* [TASK TO CARRY OUT]
Among the lines below, take the one holding "- rack frame (935, 380, 1006, 620)", the one holding "- rack shelf (924, 370, 1006, 489)", and all lines between them. Set them down exactly.

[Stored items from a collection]
************
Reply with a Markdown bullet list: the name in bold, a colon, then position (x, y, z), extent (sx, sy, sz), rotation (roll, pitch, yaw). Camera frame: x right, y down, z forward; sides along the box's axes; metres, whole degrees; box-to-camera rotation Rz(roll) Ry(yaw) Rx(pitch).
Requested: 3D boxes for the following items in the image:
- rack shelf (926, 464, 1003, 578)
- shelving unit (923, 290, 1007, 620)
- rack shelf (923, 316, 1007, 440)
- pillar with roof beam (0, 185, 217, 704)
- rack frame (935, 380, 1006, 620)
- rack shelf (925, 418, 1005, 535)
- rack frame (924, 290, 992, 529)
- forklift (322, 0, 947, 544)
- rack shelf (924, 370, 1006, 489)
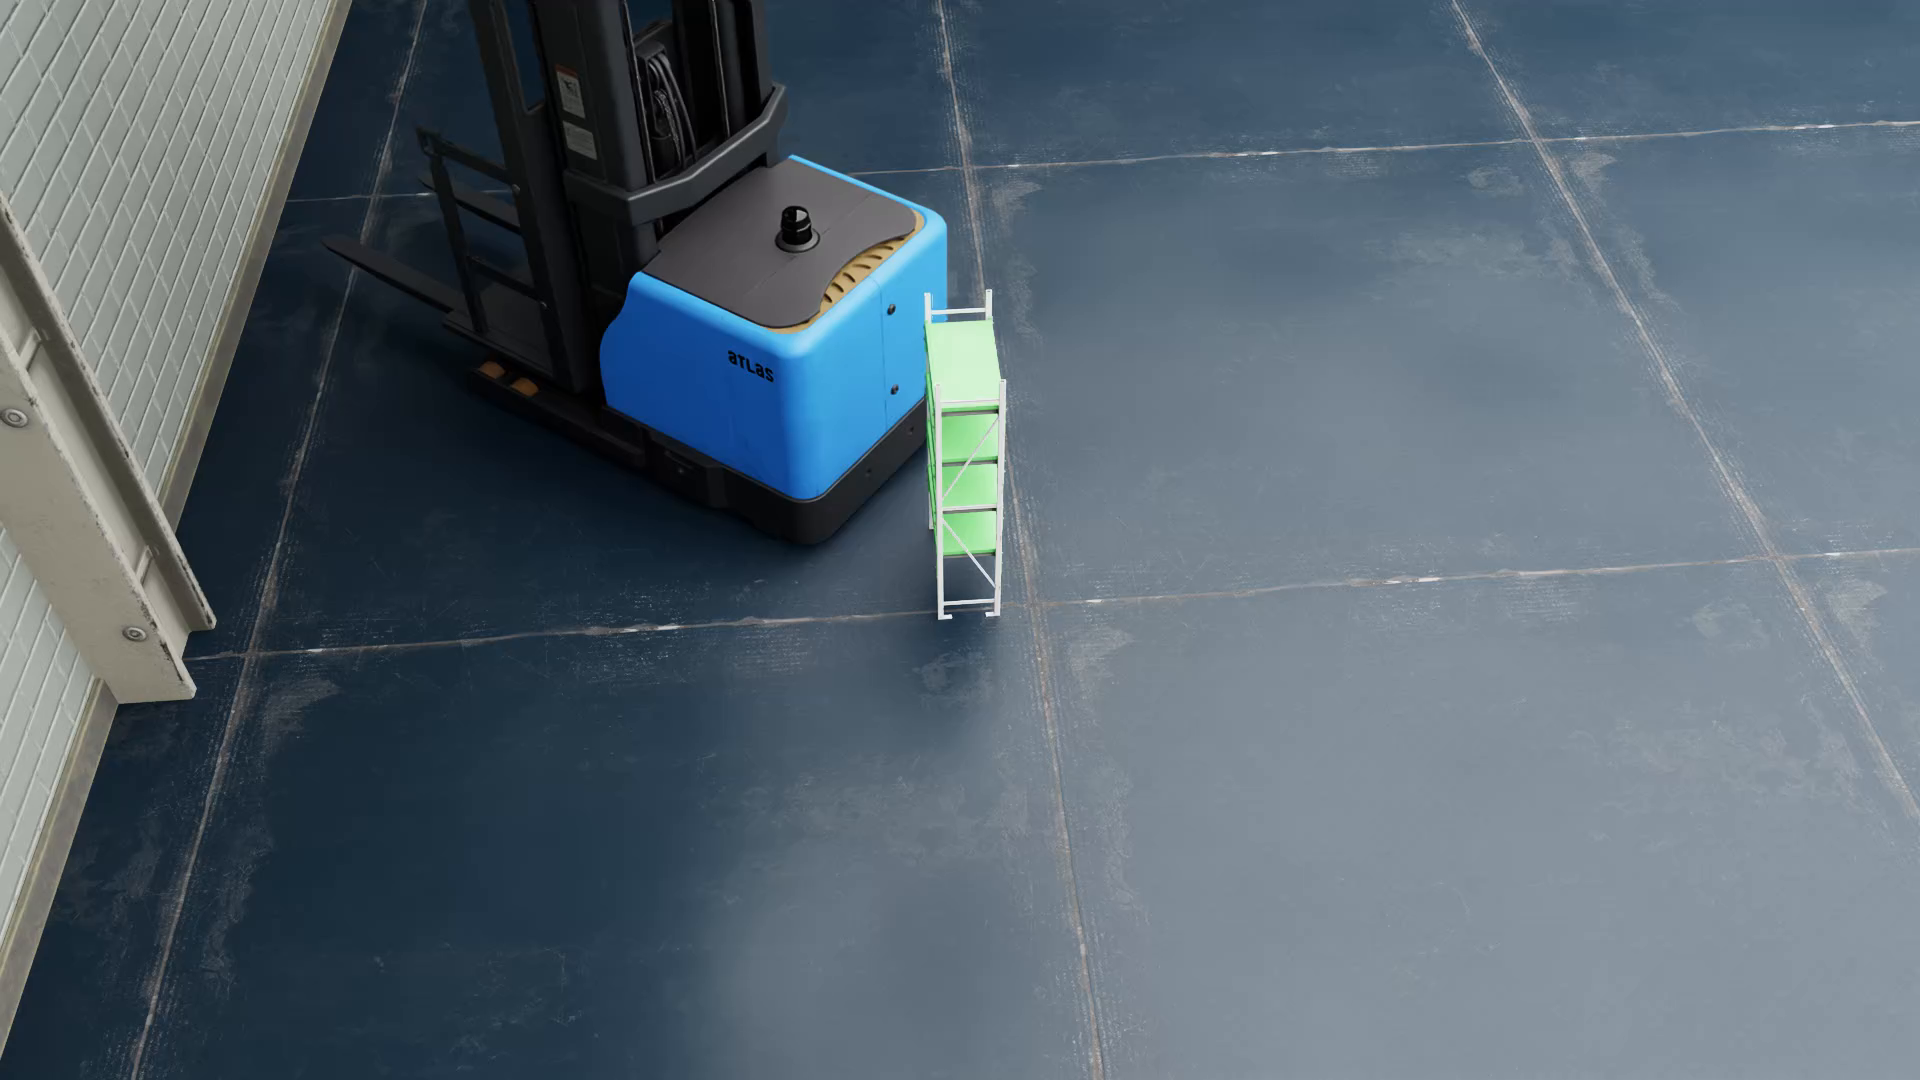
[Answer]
- **rack shelf**: position (0.014, -0.084, 6.422), extent (0.258, 0.148, 0.480), rotation (-3, 47, -3)
- **shelving unit**: position (0.014, -0.293, 6.201), extent (0.258, 1.200, 0.503), rotation (-3, 47, -3)
- **rack shelf**: position (0.014, -0.579, 5.899), extent (0.258, 0.148, 0.480), rotation (-3, 47, -3)
- **pillar with roof beam**: position (1.265, -2.900, 3.298), extent (9.100, 9.000, 0.400), rotation (-3, 47, -3)
- **rack frame**: position (0.034, -0.116, 6.034), extent (0.240, 1.200, 0.015), rotation (-3, 47, -3)
- **rack shelf**: position (0.014, -0.249, 6.247), extent (0.258, 0.148, 0.480), rotation (-3, 47, -3)
- **rack frame**: position (-0.007, -0.469, 6.368), extent (0.240, 1.200, 0.015), rotation (-3, 47, -3)
- **forklift**: position (-1.543, -1.841, 6.475), extent (3.031, 2.935, 1.130), rotation (26, 52, 23)
- **rack shelf**: position (0.014, -0.414, 6.073), extent (0.258, 0.148, 0.480), rotation (-3, 47, -3)
************
* [RESPONSE TO THIS EXERCISE]
- rack frame (935, 380, 1006, 620)
- rack shelf (925, 418, 1005, 535)
- rack frame (924, 290, 992, 529)
- forklift (322, 0, 947, 544)
- rack shelf (924, 370, 1006, 489)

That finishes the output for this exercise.